This contribution will focus on the design, analysis, fabrication, experimental characterization and evaluation of a family of prototypes of robotic extra fingers that can be used as grasp compensatory devices for hemiparetic upper limb.

The devices are the results of experimental sessions with chronic stroke patients and consultations with clinical experts. All the devices share a common principle of work which consists in opposing to the paretic hand/wrist so to restrain the motion of an object.

Robotic supernumerary fingers can be used by chronic stroke patients to compensate for grasping in several Activities of Daily Living (ADL) with a particular focus on bimanual tasks.

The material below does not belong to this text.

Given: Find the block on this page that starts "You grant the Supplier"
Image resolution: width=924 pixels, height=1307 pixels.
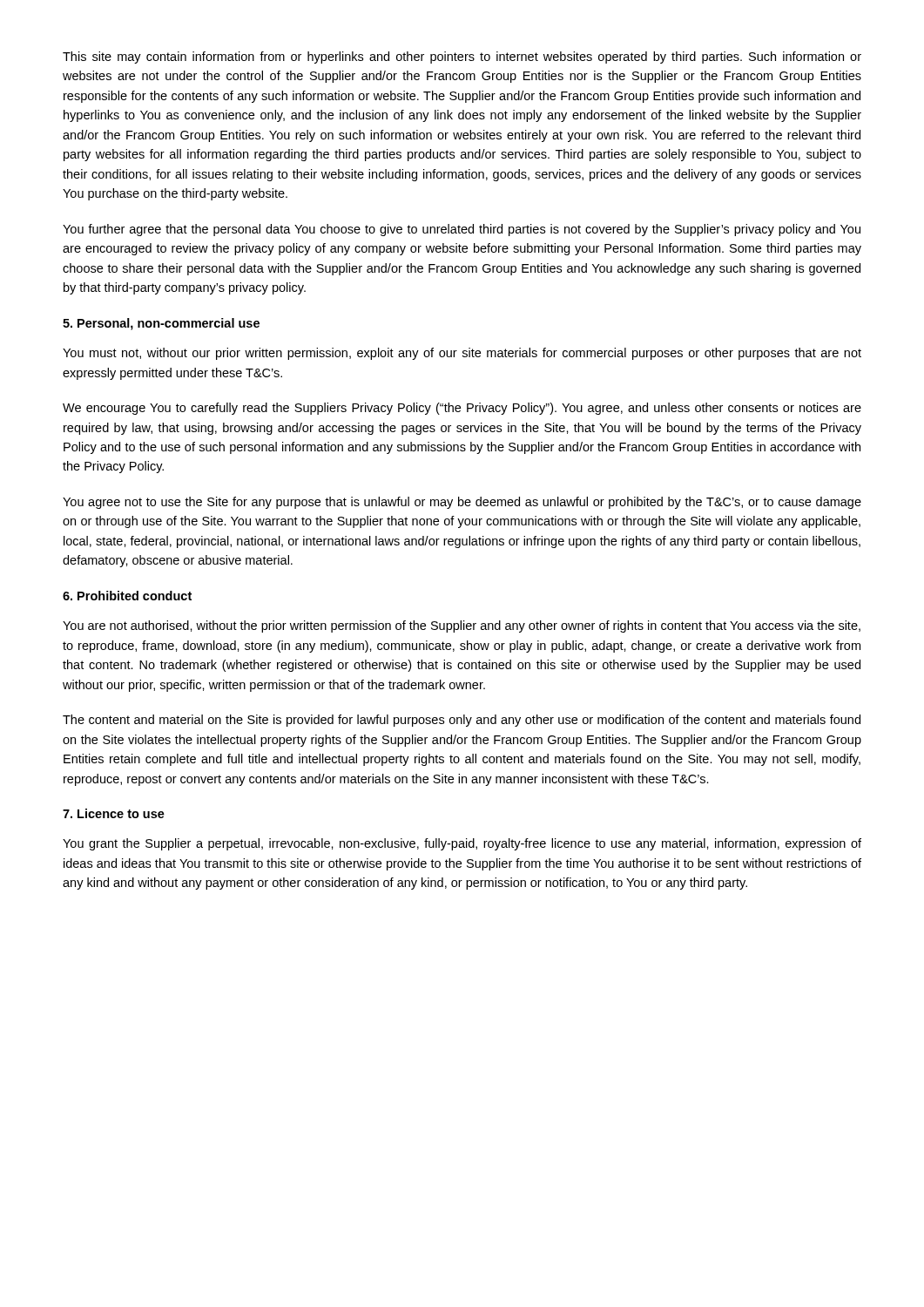Looking at the screenshot, I should (462, 863).

The devices are designed to be extremely portable and wearable. They can be wrapped as bracelets when not being used, to further reduce the encumbrance. The motion of the robotic devices can be controlled using an Electromyography (EMG) based interface embedded in a cap. The interface allows the user to control the device motion by contracting the frontalis muscle. The performance characteristics of the devices have been measured through experimental set up and the shape adaptability has been confirmed by grasping various objects with different shapes. We tested the devices through qualitative experiments based on ADL involving a group of chronic stroke patients in collaboration with by the Rehabilitation Center of the Azienda Ospedaliera Universitaria Senese.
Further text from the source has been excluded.